Model System: MTB-IGFIR Transgenic Mice
MTB-IGFIR transgenic mice express elevated levels of human type I insulin-like growth factor receptor (IGF-IR) in mammary epithelial cells in a doxycycline inducible manner. In order to generate MTB-IGFIR transgenic mice, two separate transgenic mice must be mated: MTB mice and TRE-IGFIR mice. MTB mice contain the reverse tetracycline transactivator (rtTA) downstream of the mouse mammary tumor virus (MMTV) promoter. The MMTV promoter drives expression of the rtTA only in mammary epithelial cells. Since rtTA has no function in mammalian cells, MTB mice have no phenotype. The MTB mice were generously provided by Dr. Lewis Chodosh. My lab created the TRE-IGFIR mice which have a construct containing human IGF-IR cDNA cloned downstream of a tetracycline response element (TRE). The TRE-IGFIR mice have no phenotype. Breeding MTB mice with TRE-IGFIR mice will generate some offspring containing both transgenes, also know as MTB-IGFIR mice. The MTB-IGFIR mice still have no phenotype until they are fed a tetracycline derivative such as doxycycline in their food or water. Doxycycline alters the conformation of the rtTA thus allowing it to bind to the TRE and drive expression of the IGF-IR transgene (see the figure to the right). This system allows the researcher control of when the transgene is induced, the duration of induction and to some degree, the level of transgene expression (changing the concentration of doxycycline administered to the mice can alter transgene levels).

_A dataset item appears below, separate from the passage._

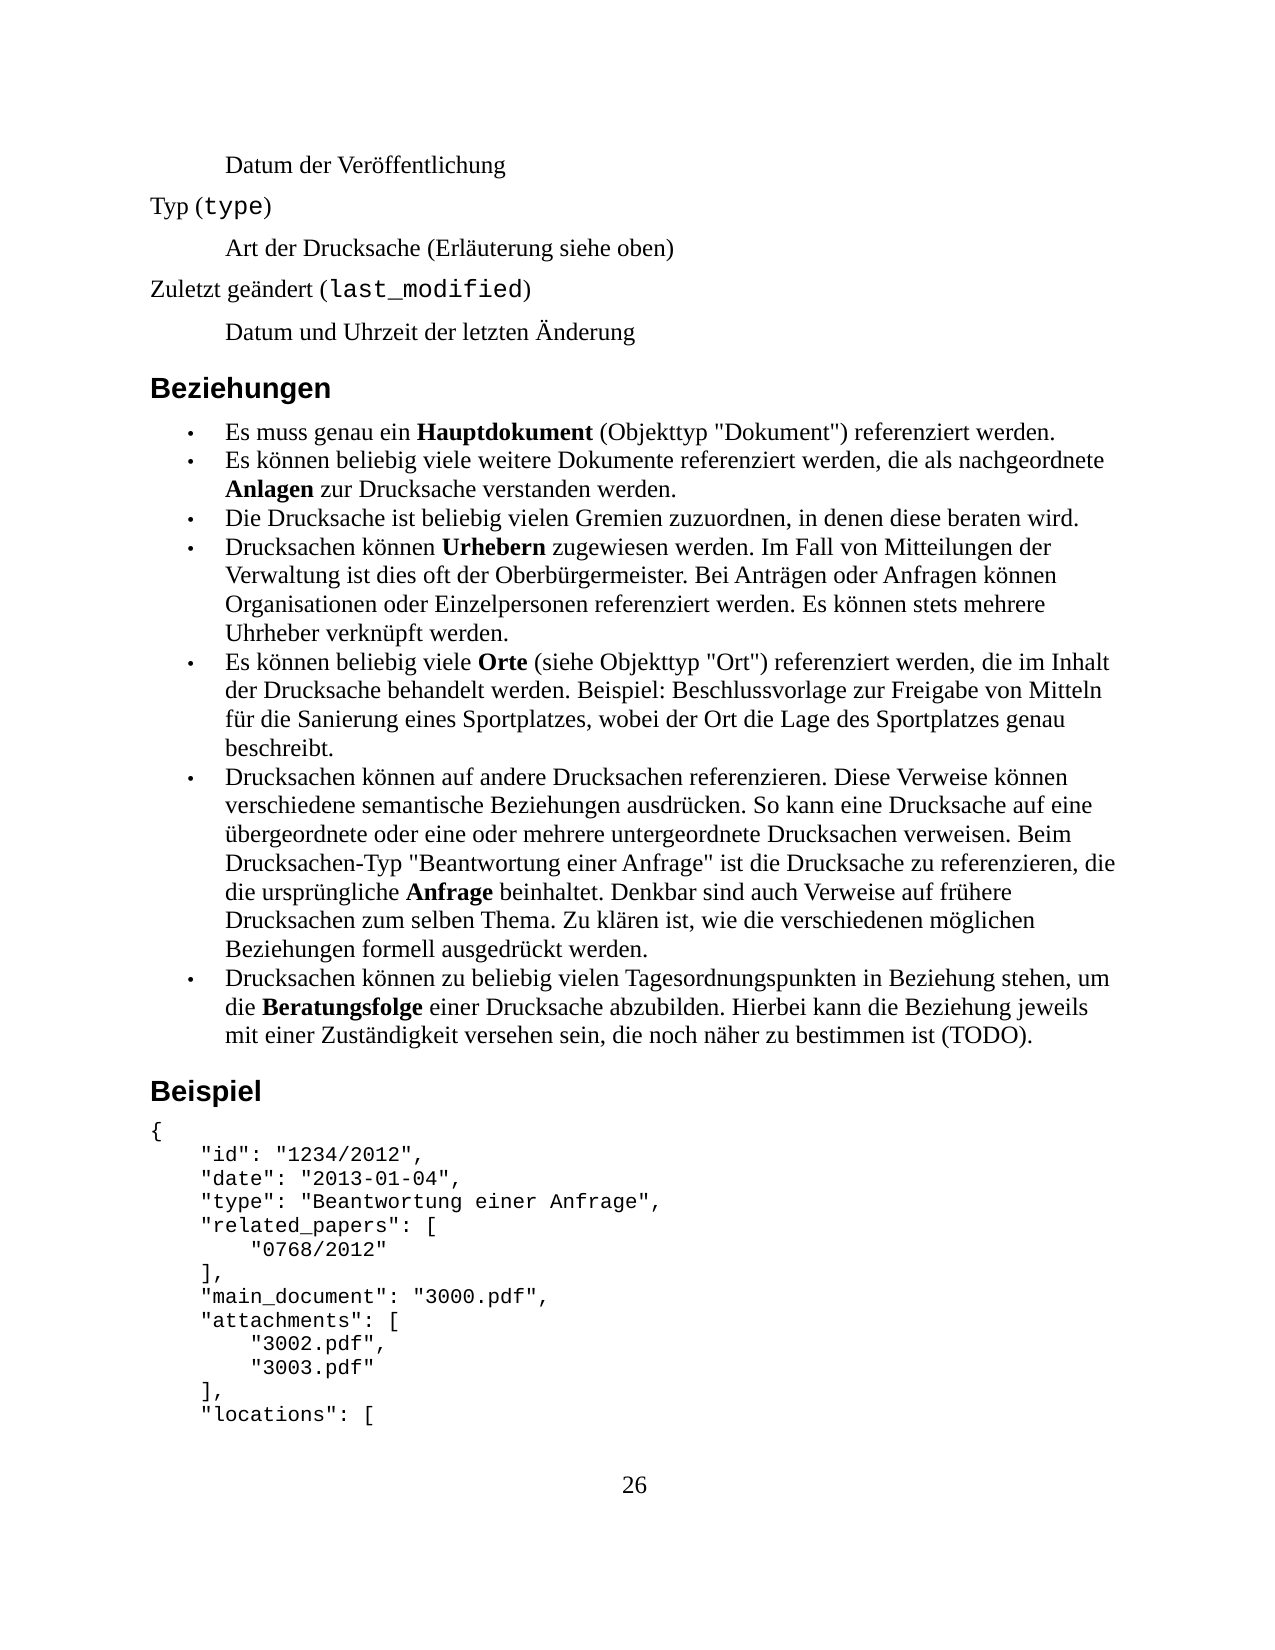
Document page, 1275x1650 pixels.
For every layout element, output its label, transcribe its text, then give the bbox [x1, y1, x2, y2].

Cell Lines Derived from MTB-IGFIR Mice
RJ345
These cells were developed from a mammary tumor expressing high levels of IGF-IR. In two dimensional culture these cells have a cubodial appearance and gene expression analysis revealed high levels of epithelial genes such as Cdh1 Cldn3, Cldn4, and Cldn7 and low levels of mesenchymal markers such as Vim, Snai1, Snai2, Zeb1, Zeb2, Twist1 and Twist2. These cells are weakly tumorigenic when injected into the mammary gland of syngeneic FVB mice.
RM11A
These cells were the first cell line we developed from MTB-IGFIR transgenic mice and were derived from a mammary tumor expressing high levels of IGF-IR. These cells have a mesenchymal morphology and express low levels of Cdh1, Cldn3, Cldn4 and Cldn7 and high levels of Zeb1, Zeb2, Twist1 and Twist 2. The phenotype of these cells seems to drift with increasing passage number and culturing these cells in the absence of doxycycline induces and irreversible change in morphology and loss of IGF-IR transgene expression. These cells are tumorigenic in mice and their initial growth is dependent on the presence of doxycycline. We are no longer using these cells due to their instability with increasing passage number.
RJ348
RJ348 cells were developed from a mammary tumor that recurred following doxycycline withdrawal in a MTB-IGFIR transgenic mouse. The tumor from which these cells were derived had a mesenchymal morphology and RJ348 cells maintain this mesenchymal morphology in culture. RJ348 cells express low levels of Cdh1 Cldn3, Cldn4 and Cldn7 high levels of Vim, Snai1, Snai2, Zeb1, Zeb2, Twist1, and Twist2. RJ348 cells are highly tumorigenic when injected into the mammary gland of syngeneic FVB mice. One limitation of the RJ348 cells is they appear extermely resistant to stably expressing genes and shRNA from expression constructs including lentiviral constructs. Transient transfection with siRNA is effective.
RJ423
RJ423 cells were developed from a mammary tumor that recurred following doxycycline withdrawal in a MTB-IGFIR transgenic mouse. The tumor from which these cells were derived had a mesenchymal morphology and RJ423 cells maintain this mesenchymal morphology in culture. RJ423 cells express high levels of mesenchymal genes and only low levels of epithelial genes and like RJ348 cells, RJ423 cells are highly tumorigenic when injected into mammary glands of syngeneic FVB mice. Although we are still characterizing these cells, they do appear to be more amendable to stable transfection.